Tridentity, the Firm’s flagship product, is an progressive and extremely safe blockchain-based id resolution designed to offer safe single sign-on authentication capabilities to built-in third-party techniques throughout varied industries. Tridentity goals to supply unparalleled security measures, guaranteeing the safety of delicate info and stopping potential threats, thus promising a brand new safe period within the world digital panorama basically, and in South Asia and so on.
Past Tridentity, the Firm’s mission is to change into the worldwide chief in Internet 3.0 activation, notably connecting companies to a dependable and safe technological platform, with tailor-made and optimized buyer experiences, with a robust concentrate on Africa and different excessive development markets. For extra info, go to: https://tridentity.me/
Secure Harbor Assertion
This announcement comprises statements that will represent “forward-looking” statements pursuant to the “safe harbor” provisions of the U.S. Personal Securities Litigation Reform Act of 1995. These forward-looking statements will be recognized by terminology corresponding to “will,” “expects,” “anticipates,” “aims,” “future,” “intends,” “plans,” “believes,” “estimates,” “likely to,” and related statements.
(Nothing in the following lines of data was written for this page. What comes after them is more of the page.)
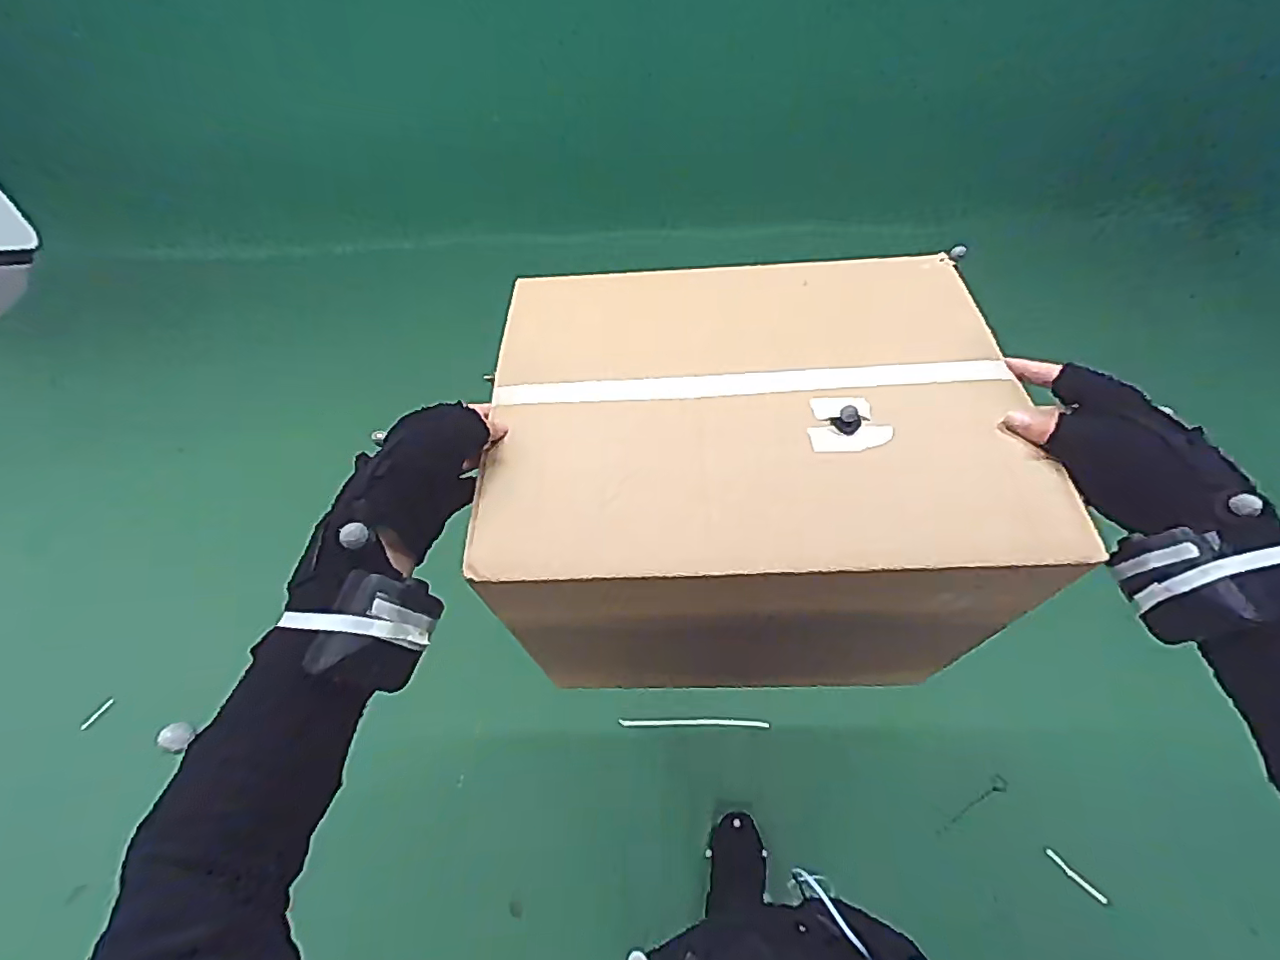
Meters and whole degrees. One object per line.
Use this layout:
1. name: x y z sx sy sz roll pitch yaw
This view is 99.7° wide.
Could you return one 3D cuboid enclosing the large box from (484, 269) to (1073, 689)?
1. large box: 0.094 0.018 0.566 0.408 0.320 0.320 -3 57 3
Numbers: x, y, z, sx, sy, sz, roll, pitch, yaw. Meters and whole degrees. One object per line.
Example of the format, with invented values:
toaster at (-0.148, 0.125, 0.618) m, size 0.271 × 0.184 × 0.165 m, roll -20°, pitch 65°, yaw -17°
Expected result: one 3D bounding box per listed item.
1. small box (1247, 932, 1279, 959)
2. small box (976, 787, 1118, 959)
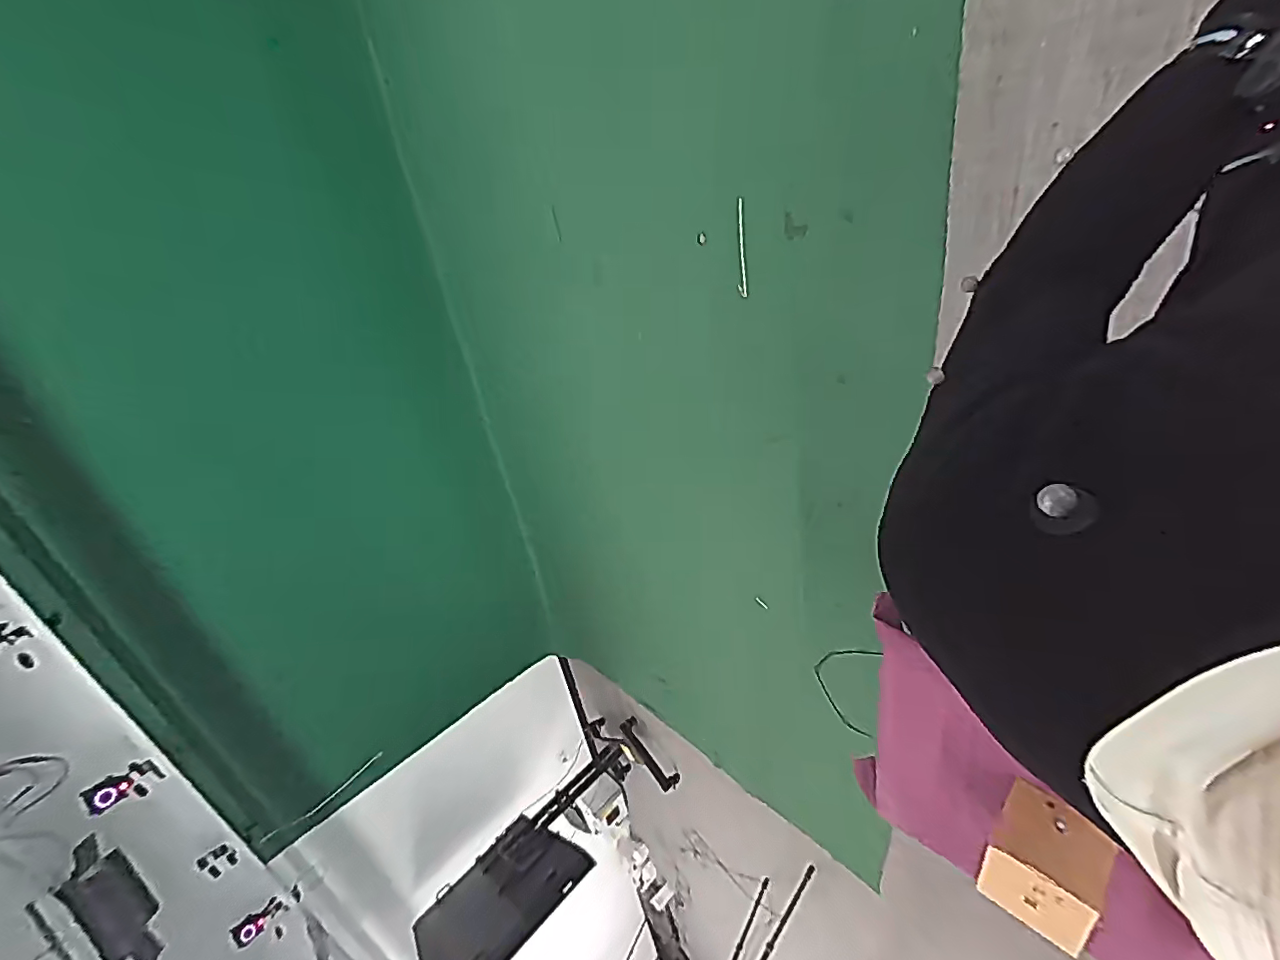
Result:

The Firm can also make written or oral forward-looking statements in its periodic stories to the U.S. Securities and Change Fee (the “SEC”), in its annual report back to shareholders, in bulletins and different written supplies, and in oral statements made by its officers, administrators, or workers to 3rd events. Statements that aren’t historic information, together with statements in regards to the Firm’s beliefs, plans, and expectations, are forward-looking statements. Ahead-looking statements contain inherent dangers and uncertainties. A variety of elements might additionally trigger precise outcomes to vary materially from these contained in any forward-looking assertion, together with however not restricted to the next: potential adversarial reactions or adjustments to enterprise relationships; adversarial adjustments basically financial or market circumstances; and actions by third events, together with authorities businesses; the Firm’s methods, future enterprise growth, and monetary situation and outcomes of operations; the anticipated development of the digital options market; the political, financial, social and authorized developments within the jurisdictions that the Firm operates in or through which the Firm intends to develop its enterprise and operations; the Firm’s capability to keep up and improve its model. Additional info concerning these and different dangers is included within the Firm’s filings with the SEC. All info offered on this announcement is as of the date of this announcement, and the Firm doesn’t undertake any obligation to replace any forward-looking assertion, besides as required below relevant legislation.